- Phulaut Location in Bihar, India Phulaut Phulaut (India)
- Coordinates: 25°30′41″N 86°56′15″E﻿ / ﻿25.51139°N 86.93750°E
- Country: India
- State: Bihar
- District: Madhepura

Population
- • Total: 15,454 (2,001 census)

Languages
- • Official: Angika, Maithili, Hindi
- Time zone: UTC+5:30 (IST)
- PIN: 852219
- Telephone code: 916479
- Coastline: 0 kilometres (0 mi)
- Nearest city: Bhagalpur
- Sex ratio: 89.02% ♂/♀
- Literacy: 28.05%%
- Vidhan Sabha constituency: Alamnagar

= Phulaut =

Phulaut is one of the villages in Chousa block, Madhepura district in the Indian state of Bihar. It is situated and connected by NH 106. It is located at a distance of 55 km from the district headquarters Madhepura.

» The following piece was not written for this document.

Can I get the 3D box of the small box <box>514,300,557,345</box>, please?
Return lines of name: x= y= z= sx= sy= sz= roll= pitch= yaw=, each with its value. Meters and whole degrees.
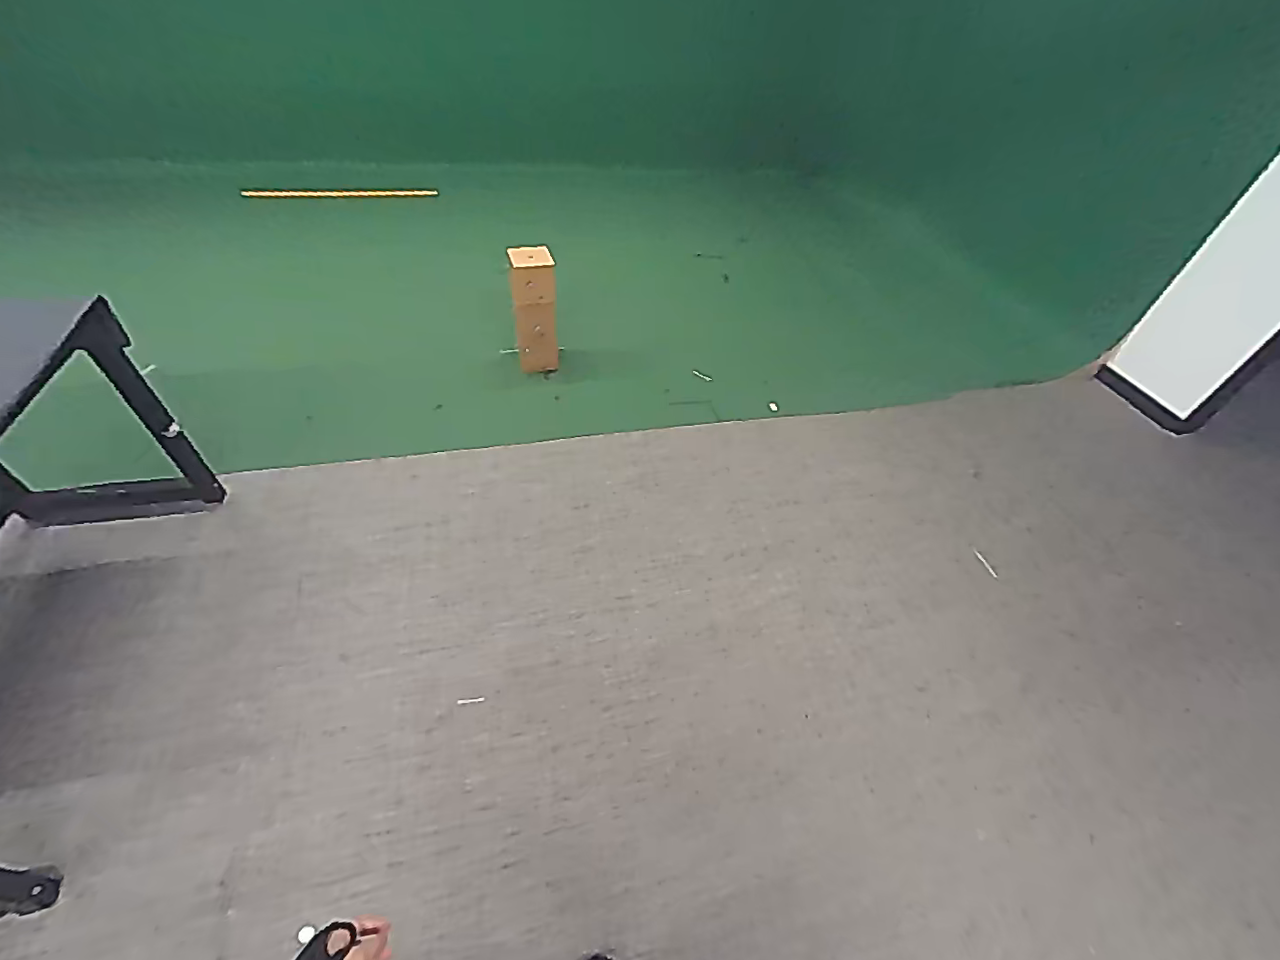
small box: x=-0.464 y=-0.717 z=2.395 sx=0.168 sy=0.176 sz=0.179 roll=-9 pitch=47 yaw=-14

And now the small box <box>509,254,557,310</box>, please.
small box: x=-0.450 y=-0.828 z=2.277 sx=0.168 sy=0.176 sz=0.179 roll=-11 pitch=47 yaw=-16

The village has many temples, three middle schools, and one high school. It hosts a fair every December.

==Geography==
Phulaut is divided into two halves: Panchayat Poorvi and Paschimi panchayat. The famous Maa Jwalamukhi Sthan situated at the heart of village.

Kosi river passes through near the village and often floods during the rainy season.

==Location==
Phulaut is located here.

Nearby cities include Bhagalpur, Bihpur, and Bihariganj.

Phulaut is the largest and most populated village in Madhepura district.

==Population==
The total population of the village is 15,454. The literacy rate is 28.5% and female literacy rate is 16.53% as per the 2001 census. The number of households in Phulaut is 2,620. The village has a female to male ratio of Phulaut of 89.02%. This is less than the state's female to male ratio 91.93%.